哪怕不是故意的,對運動員而言,傷人機體就如殺人父母。
是他們的疏忽導致了這一切。
唐清名本來就是睚眥必究的性子,這次更是狠狠給做事不夠謹慎的攀聯記上了一筆。
余曜對此並不意外。
他更在意的是唐清名話里自然而然帶出的,絲毫沒有懷疑自己是否會繼續參加比賽的堅定。
這可比教練們圍著自己團團轉,一個勁勸自己養傷退賽聽起來安心得多。
余曜回想以前,再對比現在,突然就有一種自己終於熬出頭了的微妙解脫感。
不過繼續參加比賽靠的不止是意志力。
余曜低下頭,盯著自己受傷的手腕看。
一直克制自己才能保持沉默的祁望霄就示意自己隨行的理療師過去,語氣溫和,「小曜,我們或許可以嘗試一下針灸和推拿方案。」
應該也行?
余曜相信華國老祖宗傳下來的法子,但不確定一兩天的時間能有什麼改變,想了一想,決定死馬當作活馬醫。
他點了頭。
理療師就上前把一排銀色長針一字排開。
別墅里的氣氛因為少年實打實的傷情重新嚴肅下來。
國際攀聯那頭,主席亞爾培特的心情也很糟糕,等掛掉電話揉揉眉心,就開始對著當事裁判和主定線員大發邪火。

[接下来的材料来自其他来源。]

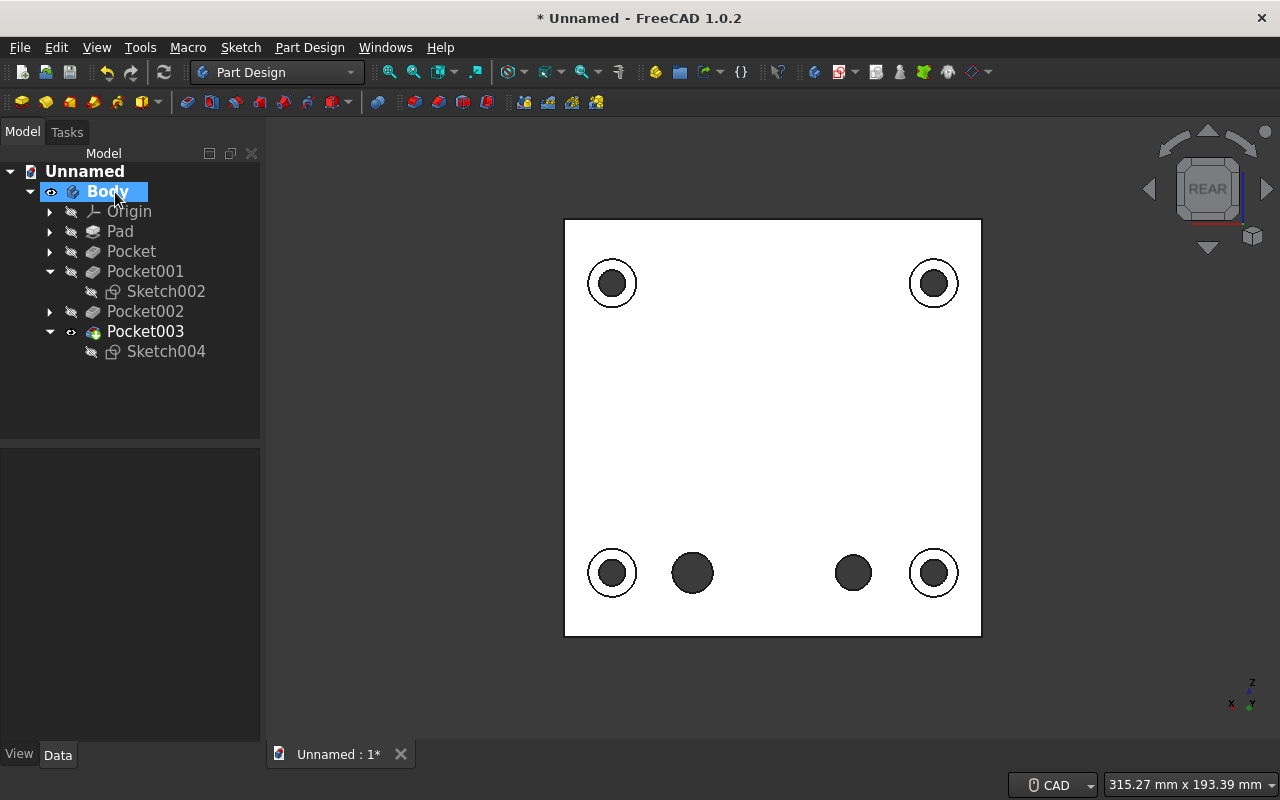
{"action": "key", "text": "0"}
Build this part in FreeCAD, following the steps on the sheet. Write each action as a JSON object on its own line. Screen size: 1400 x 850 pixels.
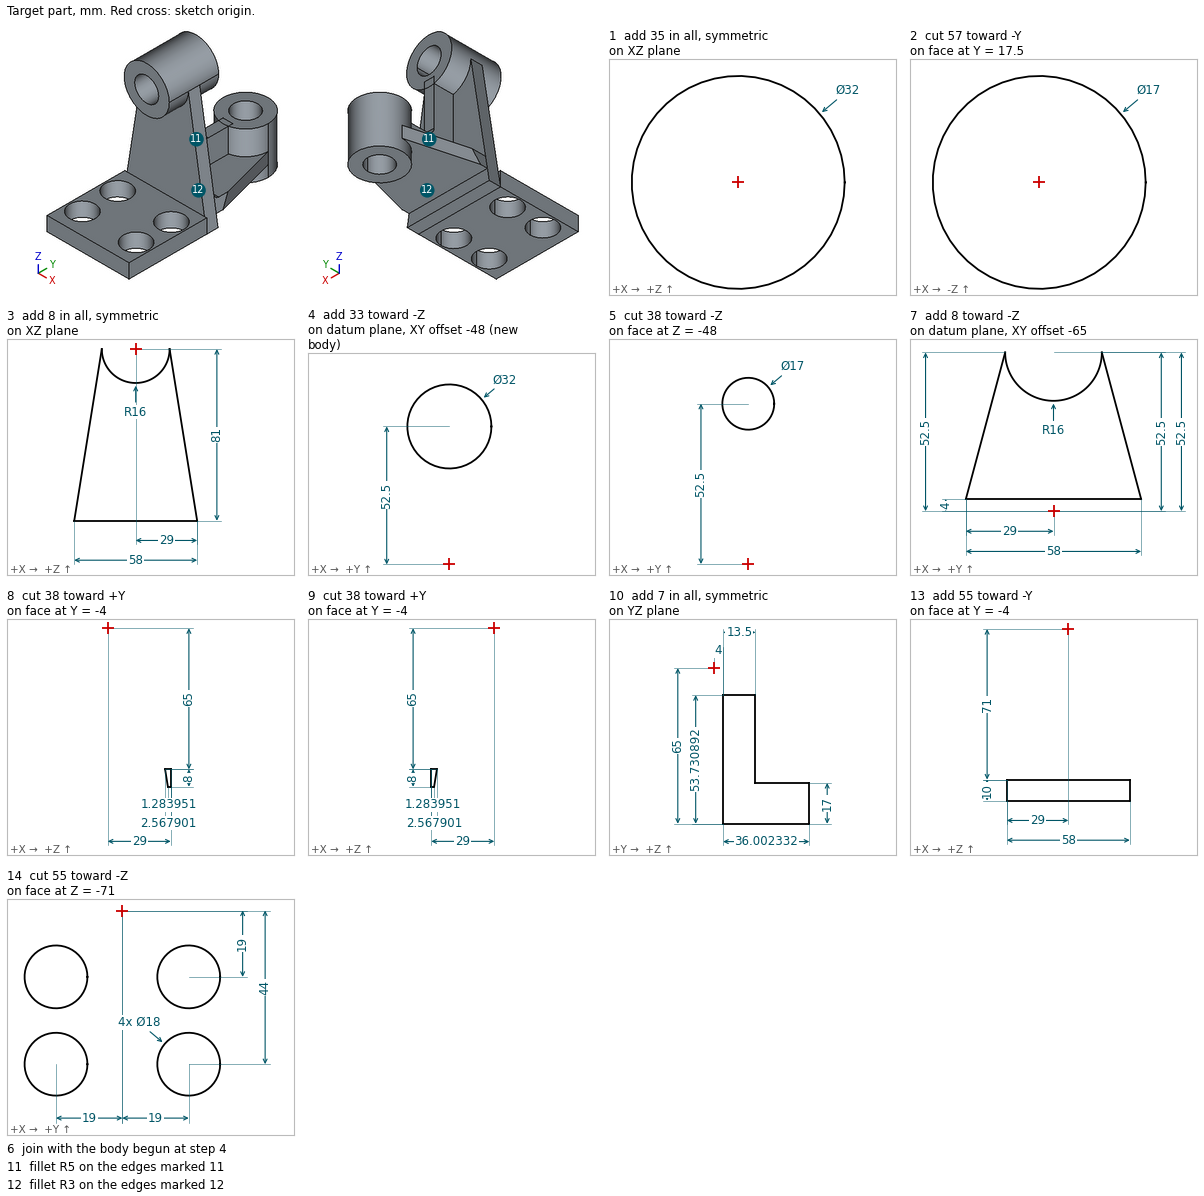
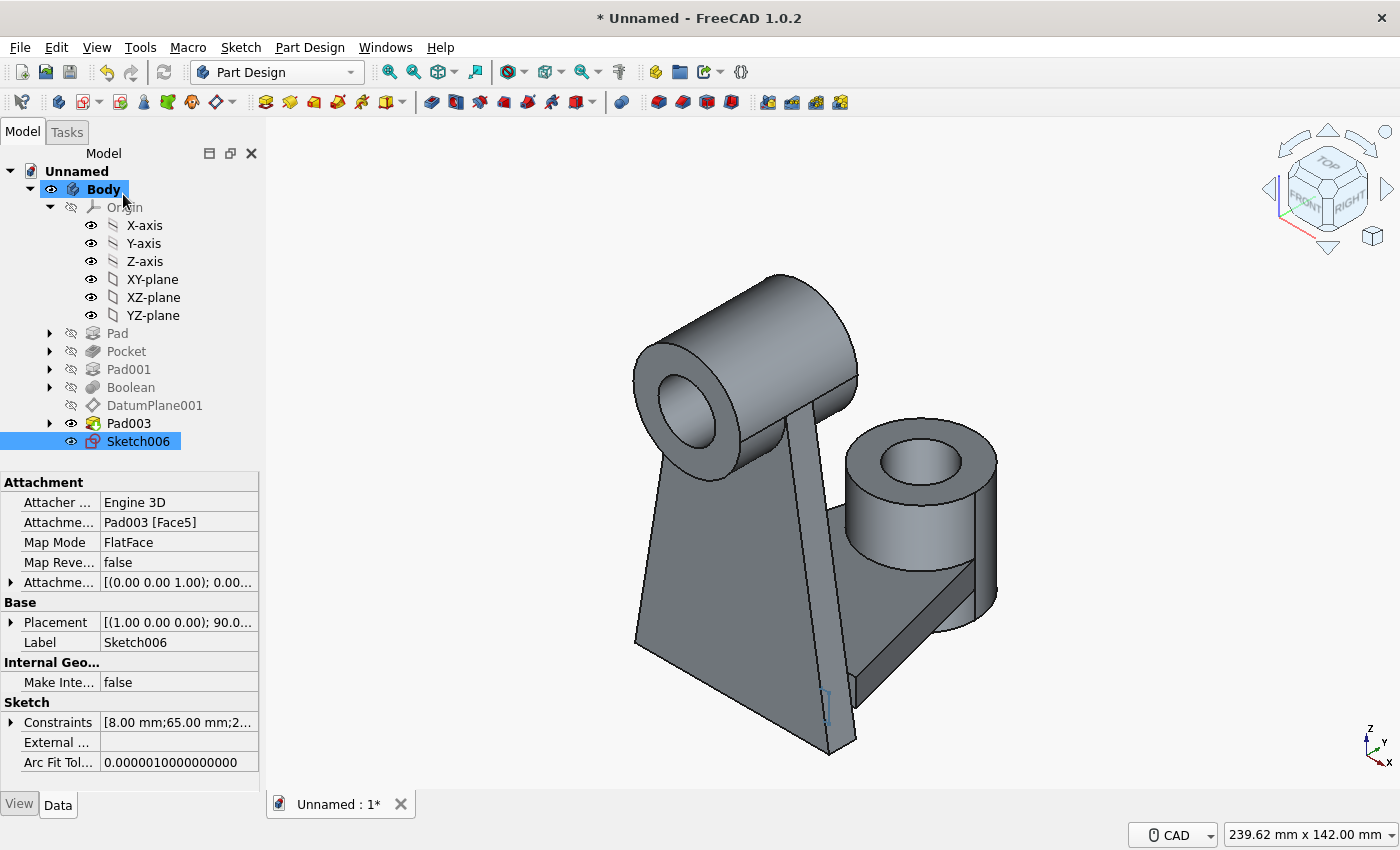
{"action": "left_click", "coordinate": [432, 102]}
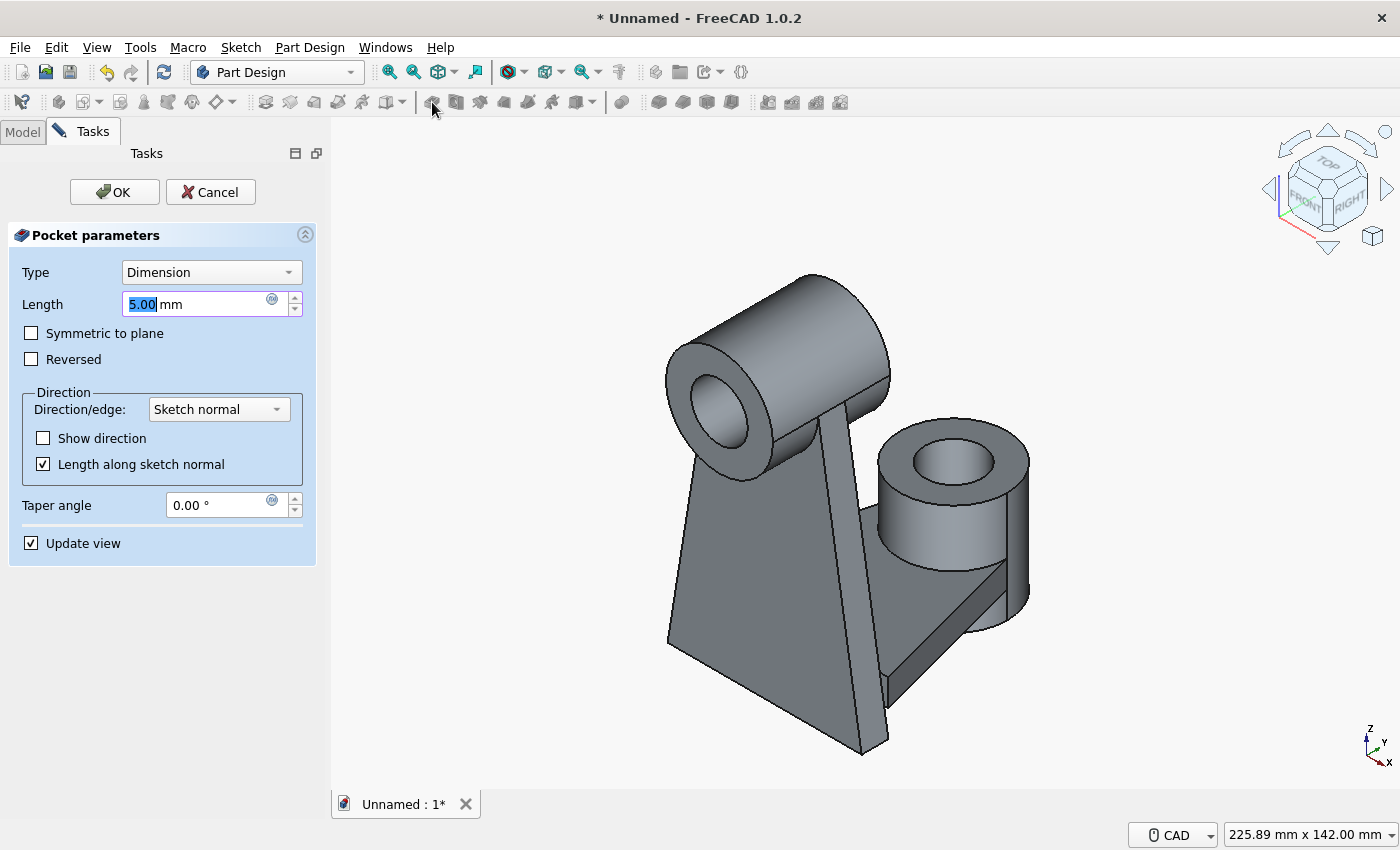
{"action": "type", "text": "38"}
{"action": "key", "text": "Tab"}

「按照賽事規定,你們必須檢查每一條線路,為什麼還會出事故?」
「你們這兩個xxx,知道受傷的是誰嗎?!那可是余曜!」
「我看你們就是想把攀岩這項運動徹底毀掉!」
一連串情緒激動的祖安輸出顯然並不能平復這位主席焦頭爛額的崩潰情緒。
但發泄過後,他勉強算是找回了點正常人的邏輯。
「先出一份事故原因的詳細報告,」亞爾培特大概能理解余曜的訴求,雖然生氣於意外發生和自己被威脅,但大體上還是很感激余曜沒有把事情繼續擴大化,也打算照余曜說的做。
「至少要讓余曜和網友們都能接受的那種。」
「然後再把道歉信以及後續的整改計劃都掛到我們的網站首頁。」
說到後續整改,當事裁判和主定線員對視一眼,其實都覺得自己多少有點冤枉。
主定線員皺著眉:「按理說不應該發生這種事故,是比賽場館的惡劣條件影響了岩點的牢固性,如果要整改,要保證後續的比賽不出問題,奧委會提供的場館也要進行整改。」
至少不能再讓岩壁的環境溫度和室外滾燙的溫度看齊。